Missing a market shift is what causes most business failures. Businesses don’t fail because they’re inattentive to customers or because of poor execution. They fail because they either don’t recognize market shifts, or fail to take advantage of them. They fail because they don’t provide what customers need or value, and often spend too much time and money trying to optimize something their customers increasingly don’t care about. Survival is all about being relevant.
I’m going to go out a limb here and state, without hesitation, that 2012 will be the Year of Being Relevant in business. Not being relevant will mean failure.
Example: The Post Office. It’s really good at what it does, we just don’t need it. No more than we need a good horse shoe, or a small offset printing press. The Post Office is going headlong into irrelevancy, through no fault of its own.
Why? Because its mandate (approved by Congress) did not include services such as record retention (medical, income, taxation), automated bill payment, social security check administration, and expansion into new markets, which would require a change in charter. Since the charter for these services was not approved by Congress, the Post Office remains in the 20th Century. Not good.
Lucky for us, most private enterprises in the U.S. are not mandated by Congress. That’s not to say some businesses aren’t headed into irrelevancy because they’re just unable or unwilling to keep up with the forces of change that have been the hallmark of the 21st Century.

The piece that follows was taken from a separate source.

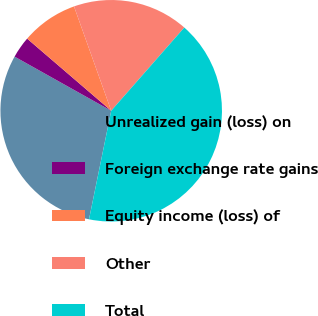Convert chart to OTSL. <chart><loc_0><loc_0><loc_500><loc_500><pie_chart><fcel>Unrealized gain (loss) on<fcel>Foreign exchange rate gains<fcel>Equity income (loss) of<fcel>Other<fcel>Total<nl><fcel>29.92%<fcel>3.16%<fcel>8.26%<fcel>16.92%<fcel>41.74%<nl></chart> 
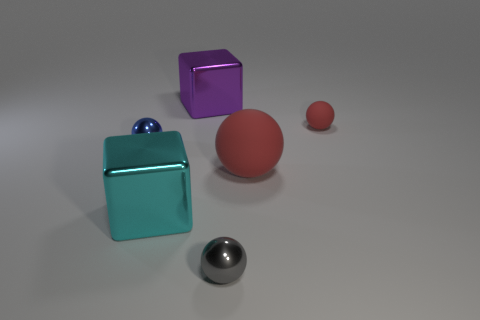Subtract all purple balls. Subtract all purple cylinders. How many balls are left? 4 Add 1 small matte objects. How many objects exist? 7 Subtract all spheres. How many objects are left? 2 Add 6 large purple shiny things. How many large purple shiny things exist? 7 Subtract 0 green balls. How many objects are left? 6 Subtract all big brown metallic balls. Subtract all small gray spheres. How many objects are left? 5 Add 2 small matte objects. How many small matte objects are left? 3 
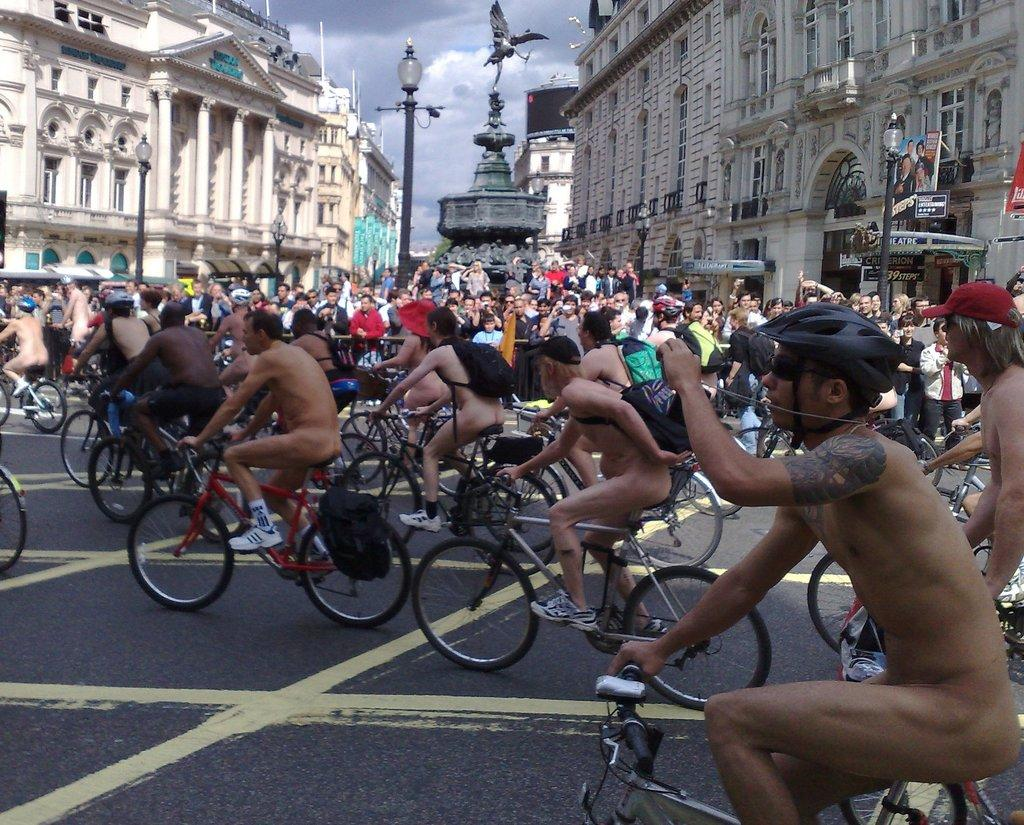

In 2012, businesses unwilling to change will be just as, or even more, irrelevant than our present postal system.
If Shamrock had continued to run its course as a forms management and print distribution company we’d probably be where the old-school print industry is today. According to an InfoTrends report printed less than a year ago in American Printer, “…the internet, a proliferation of mobile communication technologies as well as social networking, were cited as effective causes for the decline of commercial printers.” We saw the trend years ago, and knew we had to be more than what we started as, in order to be relevant to our customers.
The article in American Printer also said, “These technology applications and new media alternatives pose a threat to print, particularly regarding marketing communications, statements, bills, invoices, and other transactional documents.” We saw the trend, and responded by providing our customers with new technologies such as online bill pay, digitized and on-demand printing, data and inventory management, and e-commerce solutions to help our customers, so they could help their customers.